Equipped with a hat and a backpack, Mr. Kaufman’s avatar straddles the adjacent but incongruent geographies of during and after treatment. The artists remind us how many patients set themselves simple goals: of walking out of the hospital on their own two feet and of disclosing their ordeal like an open book.

Focused also on gritty determination, Bowen Kline’s painting “Bombs Away” depicts Grace Fauls Lombardo holding a lit bomb inscribed with the message “To Cancer. TlcN1. Love, Grace.” In an accompanying legend, Mr. Kline states that doctors would look at Ms. Lombardo’s diagnosis — T1 is the breast tumor, c the size, N1 stands for one involved lymph node — before looking at her. After diagnosis, Ms. Lombardo began a blog that she called “grancer,” a neologism that rhymes with cancer but contains all the letters of her hopeful first name.

What makes Mr. Kline’s figure more than a poster girl for a “we-can-beat-cancer” cliché? Ms. Lombardo’s wary expression after she has lit the fuse to blow cancer to smithereens. “Here goes nothing,” she seems to be saying, “but what the hell?” Despite her bravado and the artist’s comic approach, the proximity of the bomb to her head feels ominous.

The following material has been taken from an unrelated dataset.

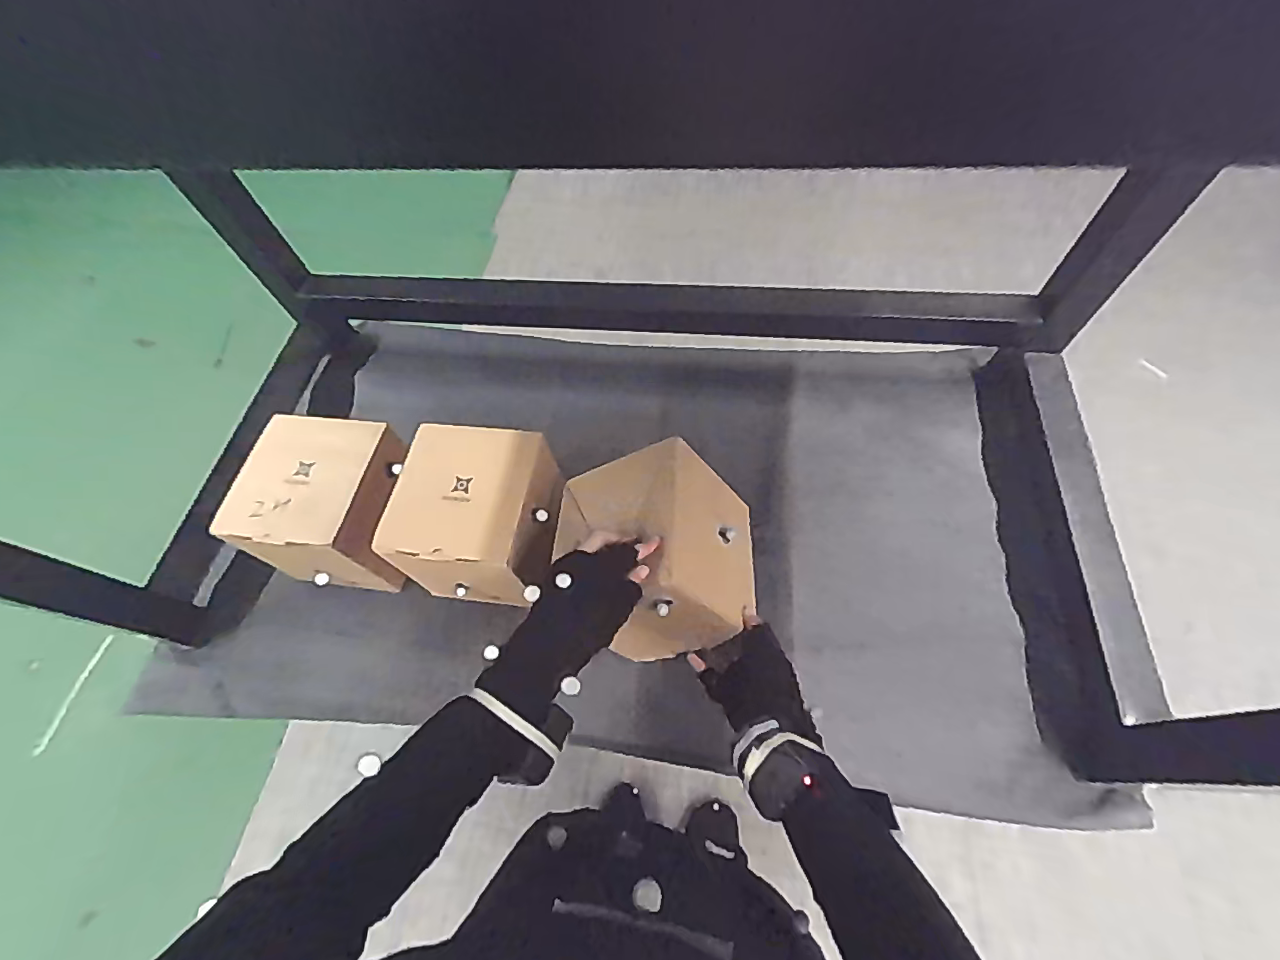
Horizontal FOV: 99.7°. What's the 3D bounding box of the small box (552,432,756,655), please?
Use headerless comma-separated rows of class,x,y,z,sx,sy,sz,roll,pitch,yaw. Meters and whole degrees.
small box,0.017,0.079,0.618,0.168,0.176,0.179,-21,48,30

A number of the more poignant paintings sponsored by Brushes With Cancer confront loss more overtly. With a nod to Picasso, “Our Tangled Stories” depicts two closely aligned heads and torsos. To accompany it, Virginia Champoux-Sokoloff describes her mother’s 20-year-old struggle with breast cancer and then her different approach to the disease. Might the two figures represent the daughter, wide-eyed, and her dead mother, shut-eyed? Or they could be Ms. Champoux-Sokoloff before and after her mother’s death.

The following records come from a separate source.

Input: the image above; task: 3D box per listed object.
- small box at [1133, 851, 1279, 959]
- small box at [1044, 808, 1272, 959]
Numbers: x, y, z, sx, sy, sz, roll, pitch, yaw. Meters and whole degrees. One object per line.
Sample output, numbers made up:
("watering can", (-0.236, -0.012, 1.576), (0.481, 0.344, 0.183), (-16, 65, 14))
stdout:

But the artist Ishita Banerjee states that in the aftermath of a double mastectomy Ms. Champoux-Sokoloff suffered the loss of her husband to lung failure. From this perspective, the two interfused figures signify the patient and her beloved spouse. Circling lines radiate out from the center of both chests — two breasts, two lungs, a breast and a lung — to portray the intimacy of the living and the dead. A doubled yet single being in mourning, one cannot move without the other.

Ofer Katz undertook not a Cubist but an impressionist approach to grieving in his otherworldly painting “Things I wanted to tell you — Mark and Aliza Ainis at The Dead Sea.” The artist explains that Aliza’s father passed away after a long struggle with cancer on the day of her high school graduation and that she missed being able to tell him about her ongoing life. Mr. Katz “wanted to create a scene that manifests the absence of conversation, but with a presence of deep paternal love.” His consolation for her regret over unspoken words takes the form of a primal scene of numinous beauty.

Awash in the blues that connect the sky with the landscape and the water, the father at the piano cradles his infant daughter in his lap while playing her a tune by the light of the silvery moon. Preserved on canvas, father and child reside together in what Freud called the oceanic: the sense of unbounded limitlessness, of being merged with each other and the external world. No one can drown in the Dead Sea, most people believe, because of its high salt content, though it is impossible not to anticipate the pianist and his swaddled baby sinking into the unfathomable depths of memory.

Like Frida Kahlo, who painted flowers so they would not die, the participants in Brushes With Cancer illuminate the meaning of Thomas Merton’s statement that “Art enables us to find ourselves and lose ourselves at the same time.”

Susan Gubar, who has been dealing with ovarian cancer since 2008, is distinguished emerita professor of English at Indiana University. Her latest book is “Late-Life Love.”